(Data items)

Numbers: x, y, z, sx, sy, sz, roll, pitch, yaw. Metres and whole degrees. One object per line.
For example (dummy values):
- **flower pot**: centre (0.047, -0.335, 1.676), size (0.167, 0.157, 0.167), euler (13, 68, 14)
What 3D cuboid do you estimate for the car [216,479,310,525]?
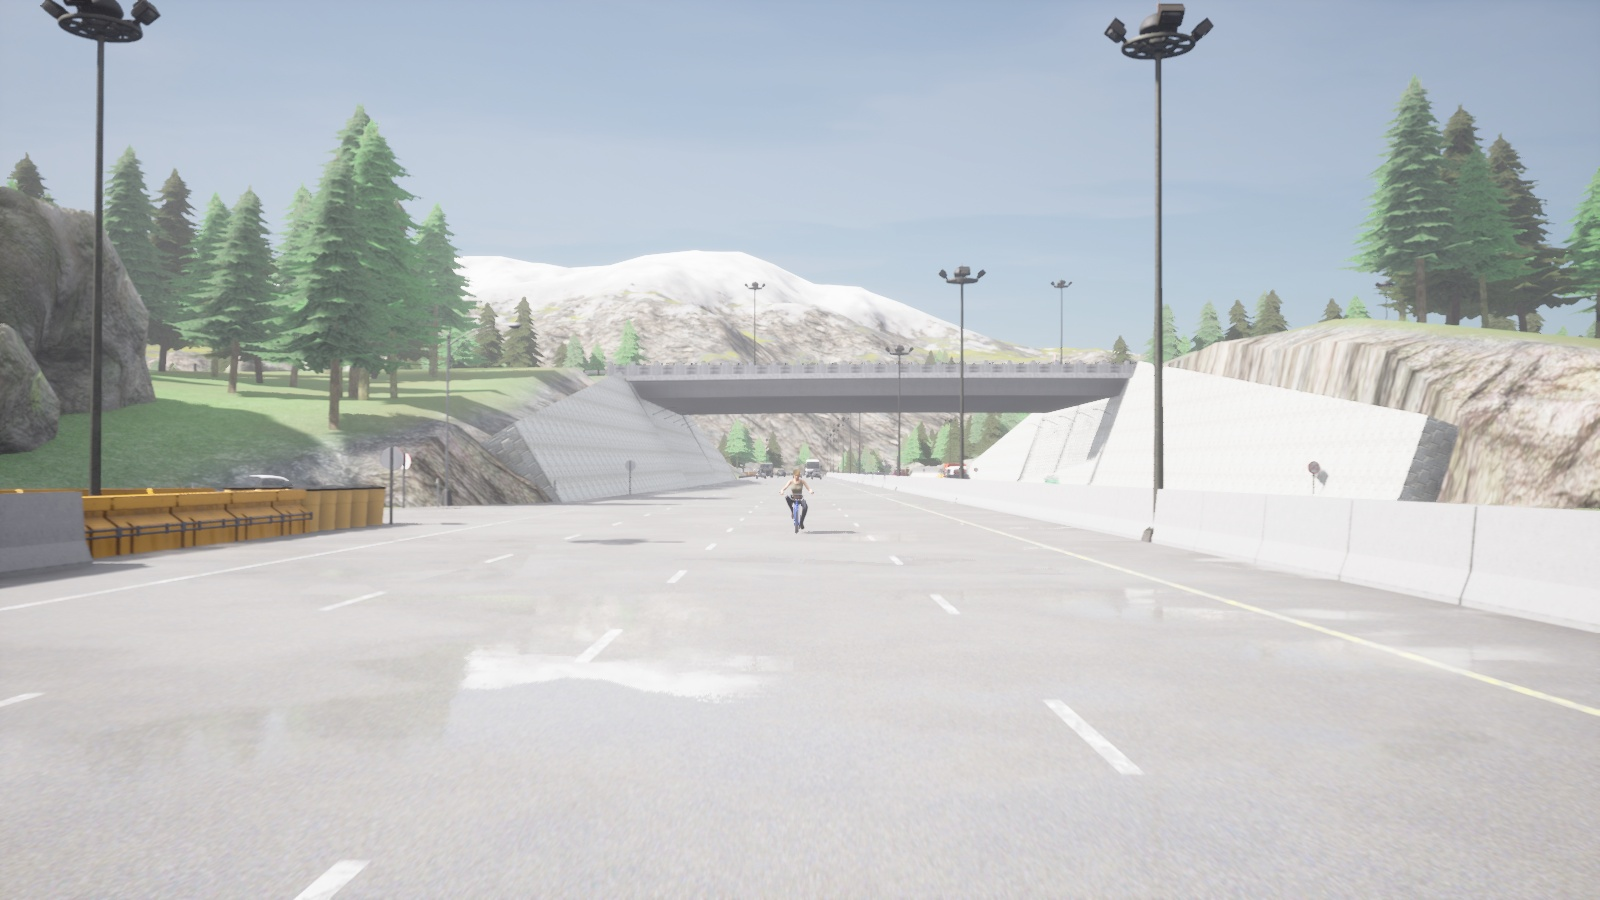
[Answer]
- **car**: centre (-16.688, 1.590, 39.079), size (1.481, 1.376, 2.207), euler (-1, -1, 34)

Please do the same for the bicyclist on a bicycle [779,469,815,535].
- **bicyclist on a bicycle**: centre (-0.072, 1.276, 31.350), size (0.866, 1.612, 1.509), euler (0, -1, 0)

PROBLEM TO SOLVE: Leave out the pictures and return, exactly as written, only the lines from the line with "For example (dummy" through the end of the records above.

ANSWER SECTION:
For example (dummy values):
- **flower pot**: centre (0.047, -0.335, 1.676), size (0.167, 0.157, 0.167), euler (13, 68, 14)
What 3D cuboid do you estimate for the car [216,479,310,525]?
[Answer]
- **car**: centre (-16.688, 1.590, 39.079), size (1.481, 1.376, 2.207), euler (-1, -1, 34)

Please do the same for the bicyclist on a bicycle [779,469,815,535].
- **bicyclist on a bicycle**: centre (-0.072, 1.276, 31.350), size (0.866, 1.612, 1.509), euler (0, -1, 0)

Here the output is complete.